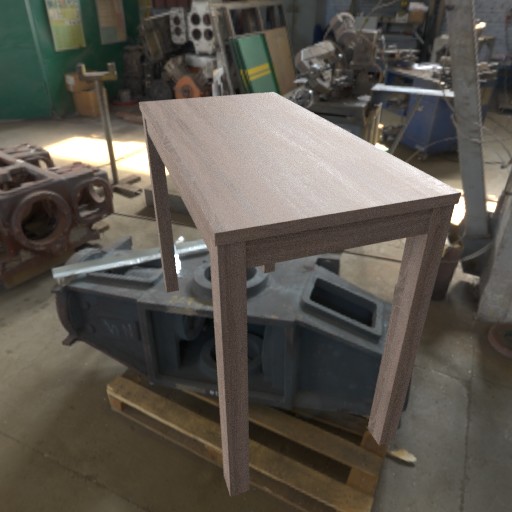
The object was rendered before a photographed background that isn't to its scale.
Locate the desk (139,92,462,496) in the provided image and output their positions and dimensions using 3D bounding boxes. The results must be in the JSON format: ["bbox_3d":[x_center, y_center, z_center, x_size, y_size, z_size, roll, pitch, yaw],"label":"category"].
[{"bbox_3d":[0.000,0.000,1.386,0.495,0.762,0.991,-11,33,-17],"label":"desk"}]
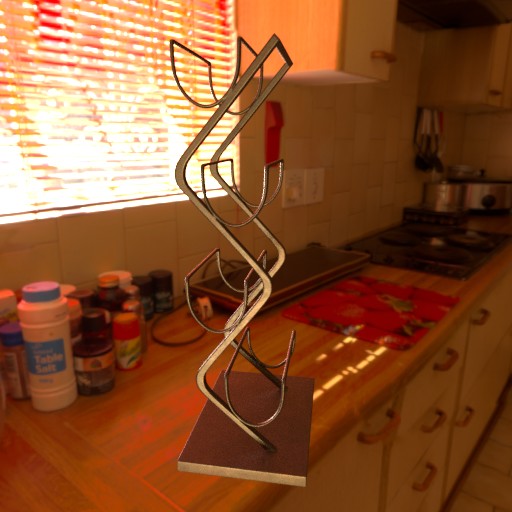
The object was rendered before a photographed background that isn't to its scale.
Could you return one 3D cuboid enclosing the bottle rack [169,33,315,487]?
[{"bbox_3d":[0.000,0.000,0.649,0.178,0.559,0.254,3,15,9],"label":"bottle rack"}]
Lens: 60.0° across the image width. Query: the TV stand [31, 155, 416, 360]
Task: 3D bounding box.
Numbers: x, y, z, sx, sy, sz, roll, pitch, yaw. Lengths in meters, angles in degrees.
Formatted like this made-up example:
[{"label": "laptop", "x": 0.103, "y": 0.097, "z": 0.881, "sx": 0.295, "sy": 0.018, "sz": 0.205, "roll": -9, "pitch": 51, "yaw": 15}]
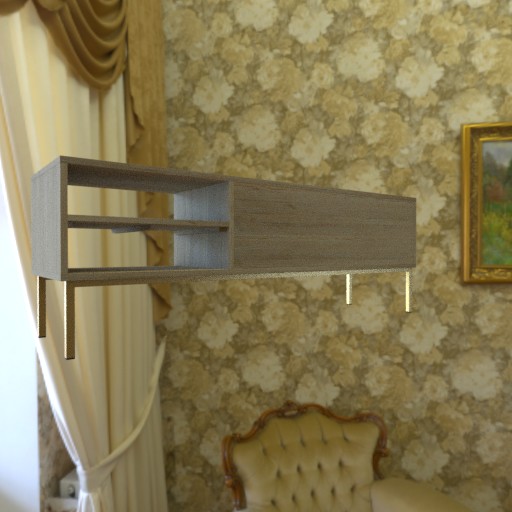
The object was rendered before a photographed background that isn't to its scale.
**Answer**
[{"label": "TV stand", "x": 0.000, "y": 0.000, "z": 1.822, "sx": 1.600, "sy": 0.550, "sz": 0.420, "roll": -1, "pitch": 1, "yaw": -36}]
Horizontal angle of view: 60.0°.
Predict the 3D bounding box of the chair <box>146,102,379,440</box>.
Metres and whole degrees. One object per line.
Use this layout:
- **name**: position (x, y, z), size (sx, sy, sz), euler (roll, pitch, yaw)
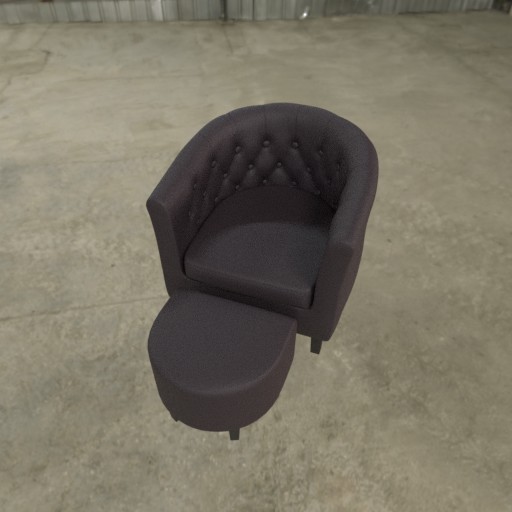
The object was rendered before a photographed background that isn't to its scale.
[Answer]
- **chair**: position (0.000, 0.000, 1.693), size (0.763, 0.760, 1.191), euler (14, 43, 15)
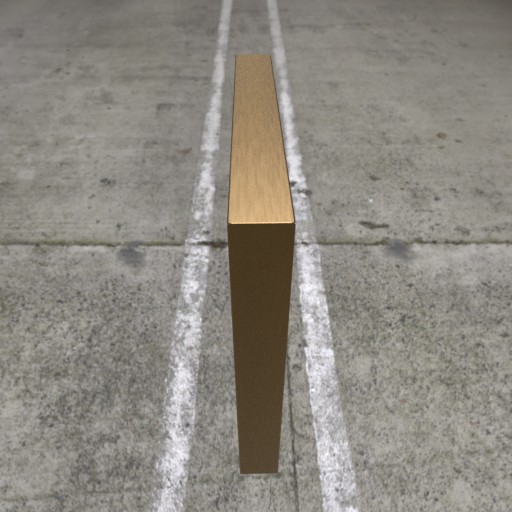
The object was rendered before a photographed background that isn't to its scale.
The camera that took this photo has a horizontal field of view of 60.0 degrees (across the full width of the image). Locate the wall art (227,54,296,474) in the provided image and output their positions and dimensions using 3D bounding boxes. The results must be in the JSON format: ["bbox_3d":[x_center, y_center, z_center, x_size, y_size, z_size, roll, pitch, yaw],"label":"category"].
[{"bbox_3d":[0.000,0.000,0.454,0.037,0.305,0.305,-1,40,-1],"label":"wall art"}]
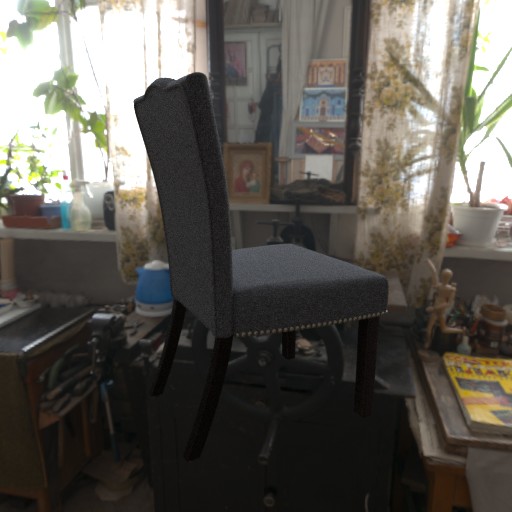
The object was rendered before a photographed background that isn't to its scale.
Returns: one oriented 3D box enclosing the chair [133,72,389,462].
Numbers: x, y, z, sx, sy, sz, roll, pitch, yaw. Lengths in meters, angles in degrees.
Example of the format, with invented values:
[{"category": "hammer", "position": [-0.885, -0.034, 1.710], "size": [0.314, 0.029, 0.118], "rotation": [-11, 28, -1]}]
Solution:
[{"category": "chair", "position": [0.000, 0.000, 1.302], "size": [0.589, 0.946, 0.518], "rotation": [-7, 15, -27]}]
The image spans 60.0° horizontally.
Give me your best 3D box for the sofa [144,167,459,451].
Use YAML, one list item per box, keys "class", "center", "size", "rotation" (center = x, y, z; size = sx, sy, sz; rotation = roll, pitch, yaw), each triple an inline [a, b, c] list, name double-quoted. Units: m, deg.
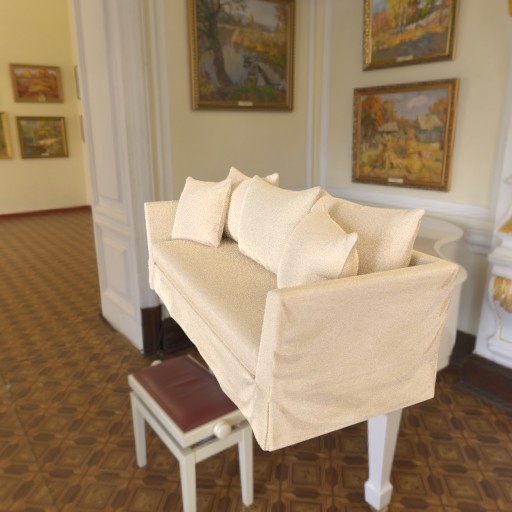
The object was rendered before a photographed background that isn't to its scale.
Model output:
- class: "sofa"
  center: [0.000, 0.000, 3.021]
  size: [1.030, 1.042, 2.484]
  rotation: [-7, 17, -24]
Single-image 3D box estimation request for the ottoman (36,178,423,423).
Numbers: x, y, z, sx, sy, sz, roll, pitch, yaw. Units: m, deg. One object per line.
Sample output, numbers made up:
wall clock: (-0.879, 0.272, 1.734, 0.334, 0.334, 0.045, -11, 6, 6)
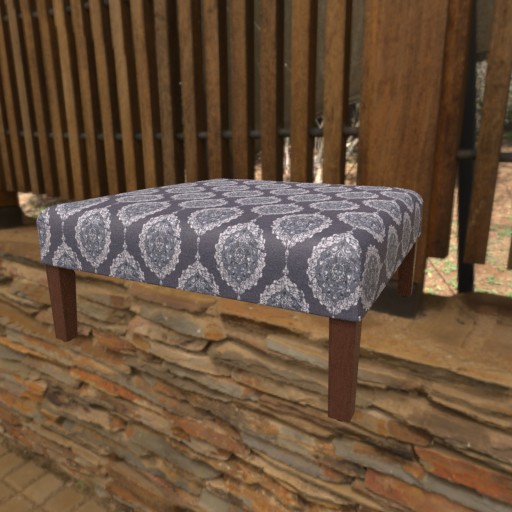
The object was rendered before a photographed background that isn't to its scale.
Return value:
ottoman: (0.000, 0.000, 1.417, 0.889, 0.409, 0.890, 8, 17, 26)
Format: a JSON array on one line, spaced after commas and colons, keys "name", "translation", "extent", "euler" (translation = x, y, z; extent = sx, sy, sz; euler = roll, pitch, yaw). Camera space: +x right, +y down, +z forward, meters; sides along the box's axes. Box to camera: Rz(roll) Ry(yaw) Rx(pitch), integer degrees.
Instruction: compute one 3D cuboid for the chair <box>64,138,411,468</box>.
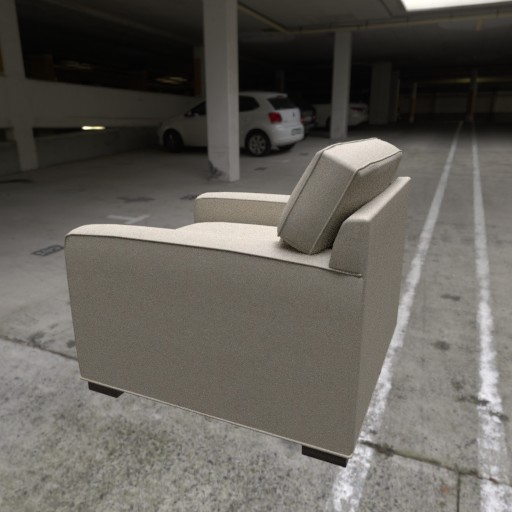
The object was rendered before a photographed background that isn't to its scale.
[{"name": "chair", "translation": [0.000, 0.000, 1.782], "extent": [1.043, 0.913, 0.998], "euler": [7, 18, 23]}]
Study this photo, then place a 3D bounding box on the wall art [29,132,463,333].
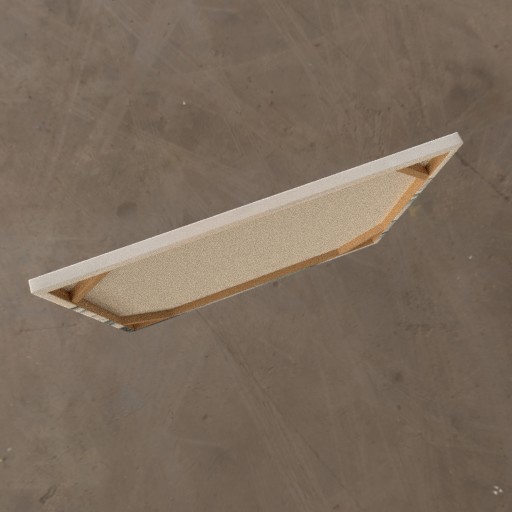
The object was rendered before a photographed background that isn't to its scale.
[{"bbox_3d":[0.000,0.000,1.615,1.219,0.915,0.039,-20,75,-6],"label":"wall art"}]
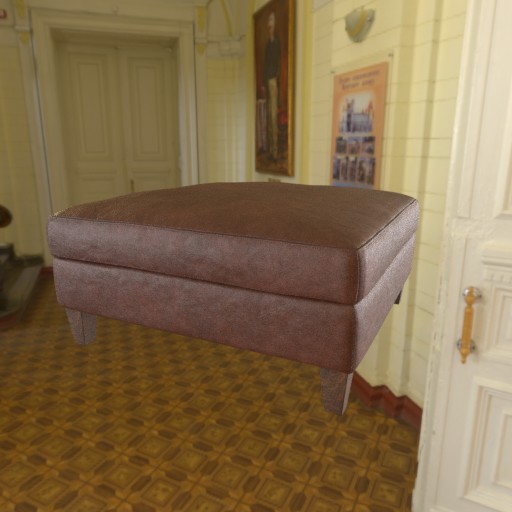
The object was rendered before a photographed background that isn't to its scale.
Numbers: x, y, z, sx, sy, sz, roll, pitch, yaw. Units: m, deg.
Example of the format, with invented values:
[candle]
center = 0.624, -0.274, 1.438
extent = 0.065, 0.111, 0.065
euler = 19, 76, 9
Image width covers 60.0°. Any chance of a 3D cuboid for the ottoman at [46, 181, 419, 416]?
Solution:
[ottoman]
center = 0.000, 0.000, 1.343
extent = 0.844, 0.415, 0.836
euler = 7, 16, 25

=-=-=

Work request
Using the records above, repeat exactly the run of lines that starts with the line with "Task: 3D bounding box." and goes on through the line with "Horizontal angle of view: 60.0°."; omit each picture.

Result for this task
Task: 3D bounding box.
Numbers: x, y, z, sx, sy, sz, roll, pitch, yaw. Lengths in meters, angles in degrees.
Formatted like this made-up example:
[{"label": "laptop", "x": 0.103, "y": 0.097, "z": 0.881, "sx": 0.295, "sy": 0.018, "sz": 0.205, "roll": -9, "pitch": 51, "yaw": 15}]
The object was rendered before a photographed background that isn't to its scale.
**Answer**
[{"label": "TV stand", "x": 0.000, "y": 0.000, "z": 1.822, "sx": 1.600, "sy": 0.550, "sz": 0.420, "roll": -1, "pitch": 1, "yaw": -36}]
Horizontal angle of view: 60.0°.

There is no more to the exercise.